The objective of this work is to perform a stand-alone sensitivity analysis of the QUENCH-01 experiment from Karlsruhe Institute of Technology, Karlsruhe, Germany, by varying the thermal conductivity, density, heat capacity, and cladding thickness, taking the total hydrogen generation as the benchmark.

The work is organized as follows: a brief description of the QUENCH-01 experiment is presented; then, the mathematical model and its implementation in the TLANESY code are presented. The following sections show the validation of the TLANESY code using data from the QUENCH-01 experiment and the results of the stand-alone sensitivity analysis. Finally, the results are discussed and the conclusions of the work are presented.

2. Description of Experimental QUENCH Facility

The main component of the QUENCH-01 experiment is the central array, composed of 21 cylindrical simulation rods; of these, 20 are electrically heated; the remaining rod is unheated and is located in the center of the array, as shown in Figure 1. The heated rods are grouped into two sections: the first includes eight inner rods, while the second consists of the 12 outer rods. The array has four rods placed at the corners of the test area (instrumentation tubes). The four corner rods (instrumentation tubes) consist of three solid Zircaloy rods with a diameter of 6 mm and a Zircaloy tube for gas injection. All the simulation rods are held in position with the aid of five grid spacers.

The central array is surrounded by a 2.38 mm thick Zircaloy jacket, which has a 35 mm thick ZrO₂ fiber insulation and is sealed on the outside by a stainless steel ring, which is cooled by a countercurrent argon flow, see Figure 1 [25].

The heated rods have a 10.75 mm external diameter and 0.725 mm thick Zircaloy cladding; which is filled with argon at an approximate pressure of 2.2 bar, which is above the system pressure; these bars have 6 mm diameter tungsten heaters in their central part that are surrounded by 9.15 mm external diameter zirconium oxide (ZrO₂) pellets, see Figure 2a. The unheated rod is filled with 2.5 mm diameter zirconium oxide (ZrO₂) pellets, as shown in Figure 2b.

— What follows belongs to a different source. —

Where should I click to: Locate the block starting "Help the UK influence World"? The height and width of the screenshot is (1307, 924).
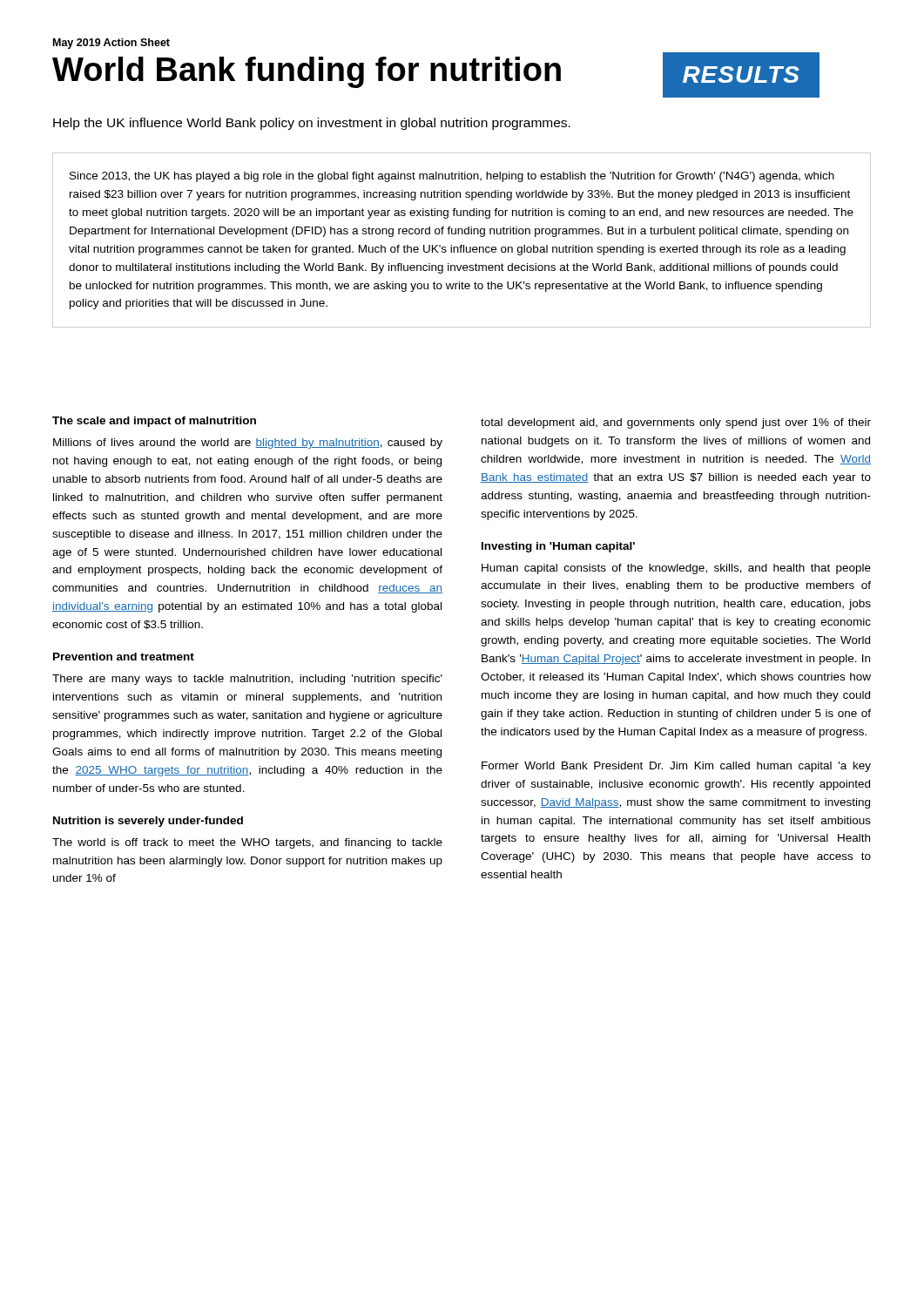pyautogui.click(x=462, y=123)

The cylindrical simulation rods are approximately 2500 mm long, and the 20 rods are heated over a length of 1024 mm (see Figure 3). The heater is axially positioned in the center and connected to molybdenum and copper electrodes at its ends. The copper electrodes are connected to the DC power supply via sliding contacts made of the same material [25].

The QUENCH-01 test consisted of six stages (see Figure 4) [25]:

(1)

Heating: In this stage, approximately 5.5 kW were supplied until the system reached approximately 1030 K. In total, 4.5 g/s of steam and 3 g/s of argon were injected.

(2)

Helium Injection: Helium was injected to determine the hydrogen transport delay time to the mass spectrometer and the Caldos system, which is a gas sampling and analysis unit used in the QUENCH facility to monitor hydrogen concentration during transient experiments [25].

(3)

Second heating period: Approximately 13 kW were supplied for 900 s until the system reached approximately 1400 K. During this stage, 3 g/s of steam and 3 g/s of argon were injected.

(4)

Pre-oxidation: This stage lasted approximately 8160 s. Approximately 12 kW were supplied, reaching a temperature of approximately 1600 K to achieve the required oxide layer thickness of 300 µm at a height of 900 mm.

(5)

Transiently, heat was supplied at 20 kW for approximately 500 s. The temperature was raised at a rate of 0.5 K/s. During this stage, a cooling water flow of 100 g/s and an argon flow of 3 g/s were injected. During this stage, the maximum temperature in the cladding was reached (~1800 K).

(6)

During the quench, the heat supply was reduced to 4 kW for 80 s (to represent the remaining heat), and a cooling water flow of 50 g/s and argon were injected at 3 g/s. The experiment was terminated by removing the heat supply and cutting off the cooling water and the argon flow.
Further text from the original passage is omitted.